But a University of Pennsylvania law professor argues in a new study that cutting taxes for multinationals might not achieve the desired result.

Professor Chris William Sanchirico says the reason has relatively little to do with whether wealthy Americans and U.S. companies spend additional profit reaped from U.S. tax cuts.

Rather, he says, there is no way to tell from the massive amounts of data collected by the U.S. Treasury Department and other sources on who actually owns U.S. multinationals and thus whether U.S. or foreign shareholders would mainly benefit.

"When U.S. companies say, 'U.S. companies will win,' you have to ask, 'Who will win?,' " Sanchirico said.

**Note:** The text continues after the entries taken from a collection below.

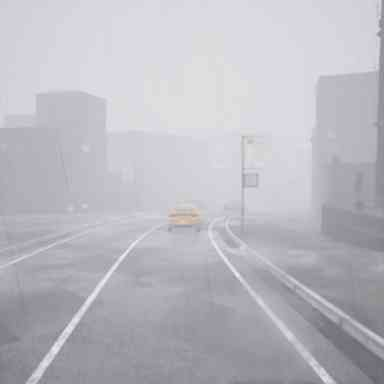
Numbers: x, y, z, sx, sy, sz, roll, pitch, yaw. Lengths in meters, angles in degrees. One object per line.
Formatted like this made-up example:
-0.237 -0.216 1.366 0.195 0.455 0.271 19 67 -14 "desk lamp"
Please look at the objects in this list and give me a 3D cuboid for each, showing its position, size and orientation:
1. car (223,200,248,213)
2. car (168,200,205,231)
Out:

The issue is anything but academic.

Multinationals are U.S. corporations with significant operations in other nations. The problem centers on the longtime practice of such U.S multinationals as Google, Apple, and others of sheltering a share of their profit in overseas tax havens such as Bermuda, the Cayman Islands, and the British Virgin Islands. Those companies and others have an estimated $1.9 trillion parked in foreign tax havens, Sanchirico says.

As a consequence, the money is beyond the reach of U.S. tax officials. Sanchirico says that, while business advocates often propose cutting corporate taxes as a way of inducing companies to abandon tax havens, it is not at all clear how much of the money would end up in the United States if taxes were cut.

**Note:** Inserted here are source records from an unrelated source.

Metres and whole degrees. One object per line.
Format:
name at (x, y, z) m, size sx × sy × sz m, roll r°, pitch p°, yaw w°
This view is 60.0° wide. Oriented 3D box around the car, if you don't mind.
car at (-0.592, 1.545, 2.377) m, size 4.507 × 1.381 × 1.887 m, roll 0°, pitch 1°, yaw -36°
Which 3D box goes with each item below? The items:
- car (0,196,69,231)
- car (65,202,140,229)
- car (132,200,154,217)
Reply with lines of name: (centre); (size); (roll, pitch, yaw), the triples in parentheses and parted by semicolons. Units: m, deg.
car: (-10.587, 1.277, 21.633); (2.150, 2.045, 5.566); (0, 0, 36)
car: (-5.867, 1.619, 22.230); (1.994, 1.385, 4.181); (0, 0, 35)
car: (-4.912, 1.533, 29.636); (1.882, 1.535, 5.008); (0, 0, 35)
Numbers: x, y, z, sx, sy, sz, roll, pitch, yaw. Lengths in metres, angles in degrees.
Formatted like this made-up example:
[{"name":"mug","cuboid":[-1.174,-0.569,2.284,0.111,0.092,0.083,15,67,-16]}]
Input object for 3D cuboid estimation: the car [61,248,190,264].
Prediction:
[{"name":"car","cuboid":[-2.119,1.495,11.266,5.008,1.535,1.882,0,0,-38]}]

The issue, though abstruse, has generated interest from President Obama, Capitol Hill, and foreign governments - if only because so much money is at stake.

Rep. Dave Camp (R., Mich.), the chairman of the House Ways and Means Committee, has proposed a package of tax overhauls seeking to address the tax-sheltered earnings of American corporations overseas. He would do this, in part, by lowering the U.S. corporate tax rate from 35 percent to 25 percent as a way to induce companies to keep their earnings in the U.S.

The Senate held a hearing in 2013 in which Apple's practice of parking profit overseas was closely scrutinized.

But, Sanchirico points out, it's hard to know who would benefit.

"The existing constellation of disclosures and reports about the ownership of U.S. equity, though in some respects surprisingly detailed, reveals almost nothing about the foreign ownership share of large U.S multinationals," Sanchirico says in the study.

He offers no opinion on the advisability of tax cuts for multinationals, offered as a way to induce them to bring their earnings home. But he says lawmakers should at least know where the benefits of lower taxes on companies' overseas profit might flow before enacting them.

Sanchirico's analysis encompassed a broad range of databases, academic studies, and surveys by the U.S. Treasury Department. Some foreign investors, notably Norway, whose $818 billion sovereign wealth fund is the world's largest, are relatively transparent. Norway has holdings of about $149 billion in U.S.-based companies.

But other sovereign funds, such as those based in the Middle East and China, tell very little. Sanchirico says those who manage these sovereign funds may believe they run a political risk in other nations if the source of the investment became known.

It is likely the case that the multinational corporations themselves don't even know to what degree they are owned by foreign shareholders. That is because companies usually do not know the identities of shareholders who purchase shares through a brokerage, Sanchirico says.

Tax lawyers in the U.S. and abroad employ exotic avoidance strategies with names such as the "double Irish, Dutch sandwich," Sanchirico's study points out. The tactic is available only to multinational companies, since, to make the strategy work, American companies not designated as multinationals must show to U.S. officials that they have overseas operations, Sanchirico says.

The first stop typically is Ireland, whose pliable tax statutes permit American companies to establish subsidiaries that then are positioned to take advantage of favorable tax regimes in what Sanchirico calls "low- or no-tax islands," such as the Caymans or Bermuda.

"There are things that a multinational corporation can do to shift profitable aspects of their business to international jurisdictions," Sanchirico said. "It is a complicated constellation of treaties that allows this. It is no one thing."